Lorsqu’on a fait d’une période de notre histoire et de notre littérature un objet privilégié et presque exclusif d’étude, que les années, loin d’émousser ce goût, l’ont sans cesse confirmé, comment ne pas supposer qu’une profonde affinité y appelait ? Je ne crois pas que le seul hasard, ou des convenances et des calculs de carrière suffisent à expliquer un certain degré d’attachement et de passion. Hasards et calculs ne sont alors que des occasions qui révèlent ou favorisent cette vérité de nous-même qui veut s’exprimer, cette délectation prévenante qui nous porte à aimer.

C’est pourquoi j’ai longtemps caressé l’idée d’un recueil de récits de vocation, où des dix-huitiémistes expliqueraient comment ils le sont devenus. Le présent ouvrage accomplit et dépasse ce vœu.

Dans une conférence prononcée au Xe Congrès des Lumières à Dublin, j’affirmais ma croyance à une vocation de dix-huitiémiste, je revendiquais le droit de mythifier et le siècle et la relation qui m’unit à lui. Je supposais que la forêt de Compiègne, ses chemins, ses carrefours, tels que le XVIIIe siècle les avait presque intégralement dessinés et nommés, étaient le lieu poétique de ma rencontre avec lui. Ce n’était là que l’aimable fiction d’un possible. J’ai d’autres hypothèses, ou d’autres certitudes.

Dans l’institution religieuse de Compiègne où j’ai fait toutes mes études secondaires, et dont le héros éponyme était Guynemer, mon professeur de français en classe de première était un prêtre [1], homme de foi, éclairé et très cultivé qui vouait une admiration toute particulière à Marivaux, et consacrait à l’étude du XVIIIe siècle une importante partie de l’année. Je pense que c’est là que j’ai appris à aimer Voltaire, tant il est vrai qu’il est une « figure de l’histoire de l’Église » [2], comme beaucoup l’ont compris.
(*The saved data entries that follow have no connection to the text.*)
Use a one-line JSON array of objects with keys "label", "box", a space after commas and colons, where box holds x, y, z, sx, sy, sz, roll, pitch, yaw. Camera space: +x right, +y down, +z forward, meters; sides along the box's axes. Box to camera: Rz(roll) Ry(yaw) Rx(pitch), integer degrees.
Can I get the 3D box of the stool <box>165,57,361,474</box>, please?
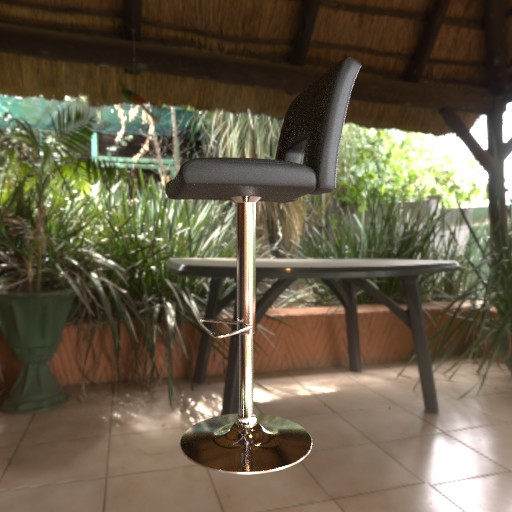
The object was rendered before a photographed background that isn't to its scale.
[{"label": "stool", "box": [0.000, 0.000, 1.381, 0.520, 1.151, 0.415, 0, 1, -17]}]
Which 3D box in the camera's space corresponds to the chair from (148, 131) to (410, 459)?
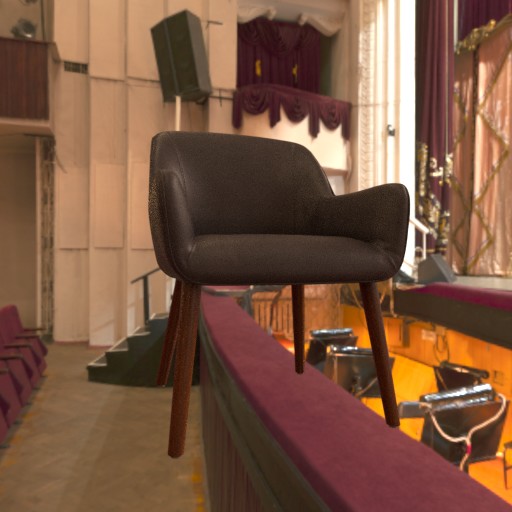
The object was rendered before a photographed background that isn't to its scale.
[{"bbox_3d":[0.000,0.000,1.256,0.610,0.828,0.610,0,0,-18],"label":"chair"}]
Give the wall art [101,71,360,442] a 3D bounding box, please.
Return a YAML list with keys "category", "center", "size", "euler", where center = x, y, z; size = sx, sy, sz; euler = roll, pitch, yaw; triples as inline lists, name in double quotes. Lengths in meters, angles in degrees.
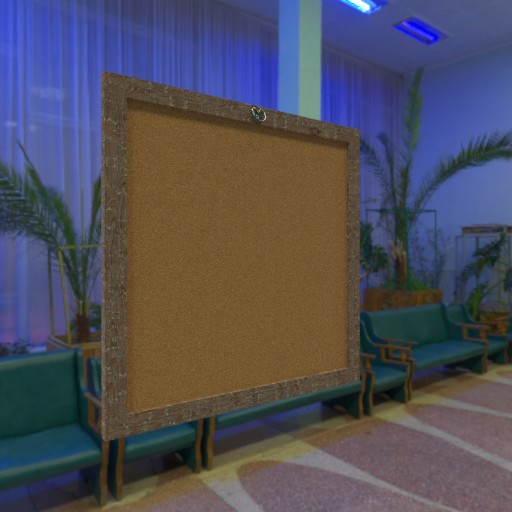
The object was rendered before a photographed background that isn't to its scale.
- category: "wall art"
  center: [0.000, 0.000, 0.564]
  size: [0.380, 0.380, 0.022]
  euler: [0, 0, -35]
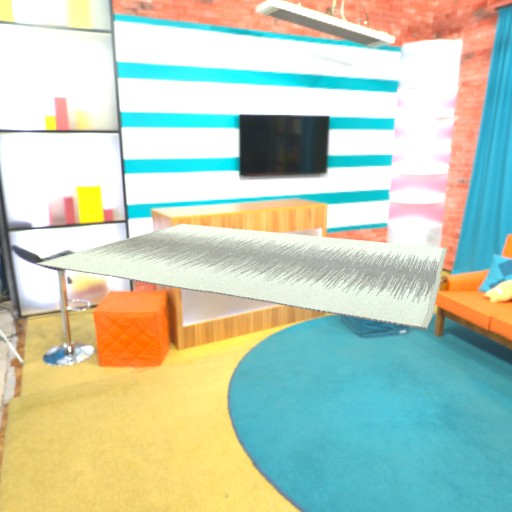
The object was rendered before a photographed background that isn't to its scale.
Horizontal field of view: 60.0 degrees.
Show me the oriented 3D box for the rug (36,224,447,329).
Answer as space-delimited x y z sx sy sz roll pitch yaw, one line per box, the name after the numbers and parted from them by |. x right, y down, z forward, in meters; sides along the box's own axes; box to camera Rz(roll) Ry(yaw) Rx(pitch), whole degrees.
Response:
0.000 0.000 2.328 1.815 0.007 1.226 7 16 25 | rug
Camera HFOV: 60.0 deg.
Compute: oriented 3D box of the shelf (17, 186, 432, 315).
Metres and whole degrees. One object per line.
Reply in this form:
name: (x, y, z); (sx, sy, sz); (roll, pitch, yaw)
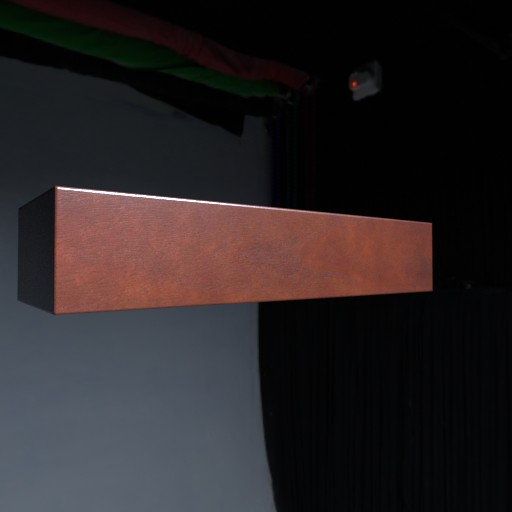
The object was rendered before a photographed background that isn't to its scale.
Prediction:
shelf: (0.000, 0.000, 0.501); (0.457, 0.088, 0.152); (1, -1, -37)
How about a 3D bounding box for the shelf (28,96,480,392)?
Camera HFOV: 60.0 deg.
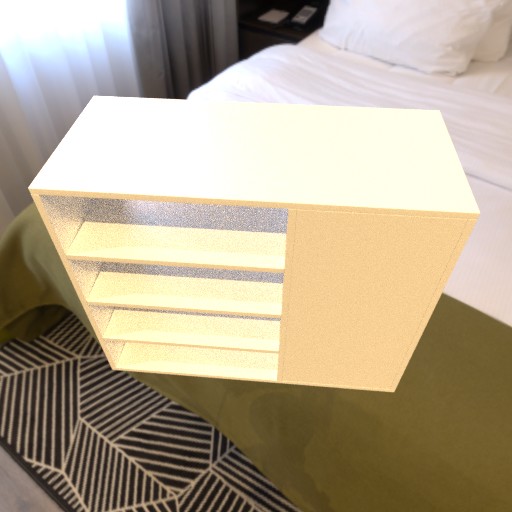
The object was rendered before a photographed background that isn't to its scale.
[{"bbox_3d":[0.000,0.000,1.274,0.895,0.732,0.396,4,46,3],"label":"shelf"}]
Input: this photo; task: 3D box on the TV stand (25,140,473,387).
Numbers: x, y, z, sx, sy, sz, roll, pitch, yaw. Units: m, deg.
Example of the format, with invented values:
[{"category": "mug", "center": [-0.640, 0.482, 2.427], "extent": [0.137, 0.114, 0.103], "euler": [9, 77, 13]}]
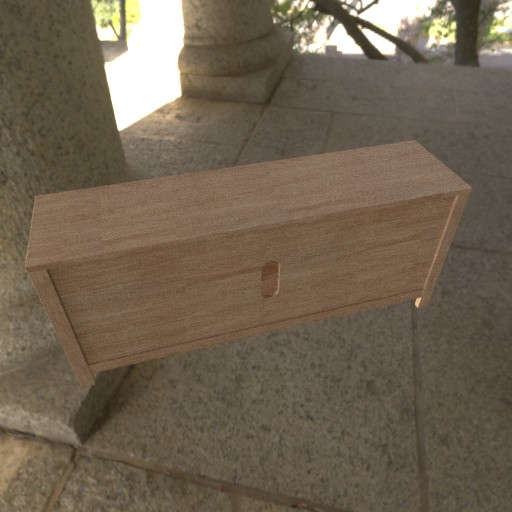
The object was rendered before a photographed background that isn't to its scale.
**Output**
[{"category": "TV stand", "center": [0.000, 0.000, 1.740], "extent": [1.466, 0.610, 0.398], "euler": [-11, 43, -12]}]
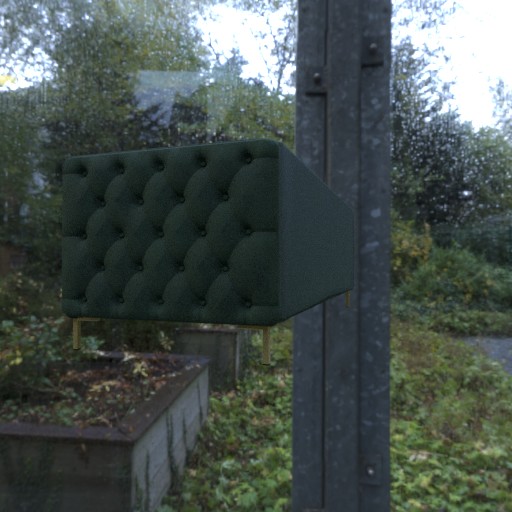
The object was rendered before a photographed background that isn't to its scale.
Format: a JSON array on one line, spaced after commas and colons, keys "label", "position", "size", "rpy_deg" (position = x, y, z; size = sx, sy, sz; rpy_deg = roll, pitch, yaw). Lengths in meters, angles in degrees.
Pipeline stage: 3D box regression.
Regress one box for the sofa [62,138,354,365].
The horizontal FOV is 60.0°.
[{"label": "sofa", "position": [0.000, 0.000, 2.604], "size": [0.895, 0.771, 2.209], "rpy_deg": [0, -1, 19]}]
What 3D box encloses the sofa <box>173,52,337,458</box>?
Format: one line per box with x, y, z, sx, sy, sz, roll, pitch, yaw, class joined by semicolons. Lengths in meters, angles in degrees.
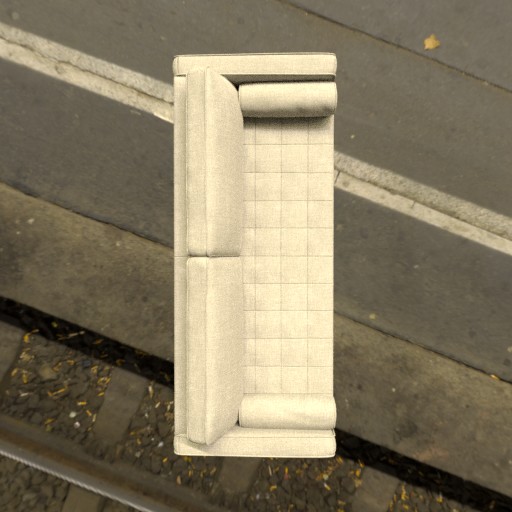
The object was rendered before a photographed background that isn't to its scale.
0.000;0.000;2.591;0.914;0.762;2.211;0;91;1;sofa
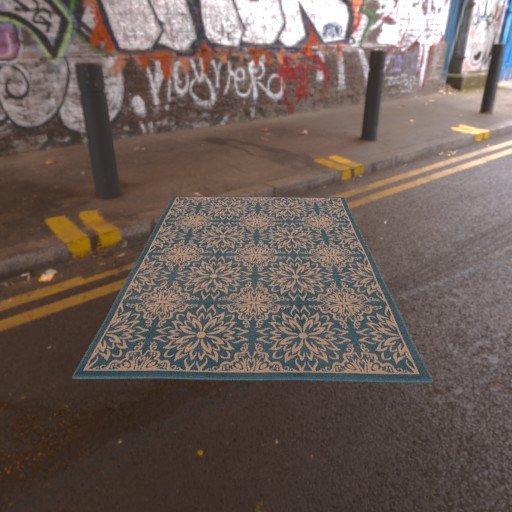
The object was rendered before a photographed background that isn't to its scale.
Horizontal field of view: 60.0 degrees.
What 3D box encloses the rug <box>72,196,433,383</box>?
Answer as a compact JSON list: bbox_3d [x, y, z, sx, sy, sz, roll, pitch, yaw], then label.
[{"bbox_3d":[0.000,0.000,2.299,1.211,0.012,1.833,0,27,1],"label":"rug"}]
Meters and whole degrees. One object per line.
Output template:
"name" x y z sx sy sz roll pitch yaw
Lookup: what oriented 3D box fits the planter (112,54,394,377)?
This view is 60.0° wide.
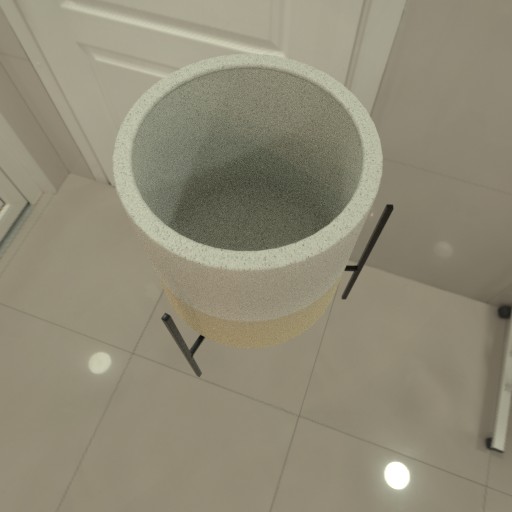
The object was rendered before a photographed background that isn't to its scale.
"planter" 0.000 0.000 0.540 0.263 0.362 0.267 18 66 8
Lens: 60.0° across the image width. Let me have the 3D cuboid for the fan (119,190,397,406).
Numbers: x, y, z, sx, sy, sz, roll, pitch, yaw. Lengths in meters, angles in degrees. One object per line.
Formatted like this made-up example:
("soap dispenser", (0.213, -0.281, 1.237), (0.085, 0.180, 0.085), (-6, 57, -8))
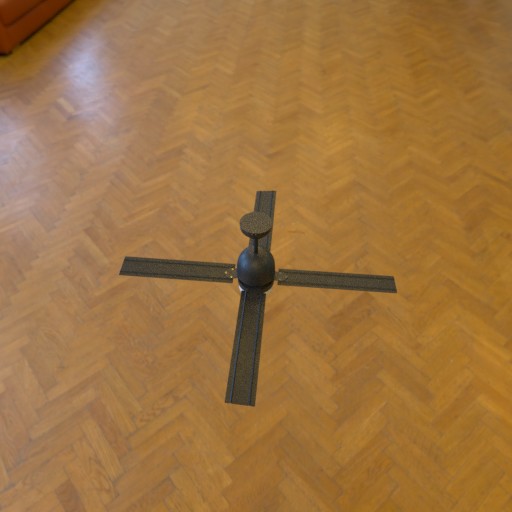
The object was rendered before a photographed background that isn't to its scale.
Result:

Je crois pourtant connaître le moment qui a décidé de tout. Je pouvais alors avoir dix-huit ans, j’aimais lire en me promenant, soit dans la forêt de Compiègne, soit dans le parc du château, surtout lorsque je rentrais de dures périodes de travail dans une khâgne parisienne. C’est ainsi, par une matinée d’hiver claire et froide, dans l’allée de tilleuls qui borde le petit parc vers la ville, que j’ai ouvert et lu avec transport les Pensées de Montesquieu dans l’édition partielle qu’en a donnée Bernard Grasset sous le titre de Cahiers. J’éprouvais un inconcevable bonheur à me pénétrer de ces fragments qui me paraissaient dire des vérités d’une simplicité et d’une évidence admirables, mais non sans quelque ombre, quelque mystère, quelque réticence dans leur brièveté. Maintenant encore, je ne peux lire, par exemple, « chaque homme est proprement une suite d’idées qu’on ne peut pas interrompre », sans en recevoir la même impression.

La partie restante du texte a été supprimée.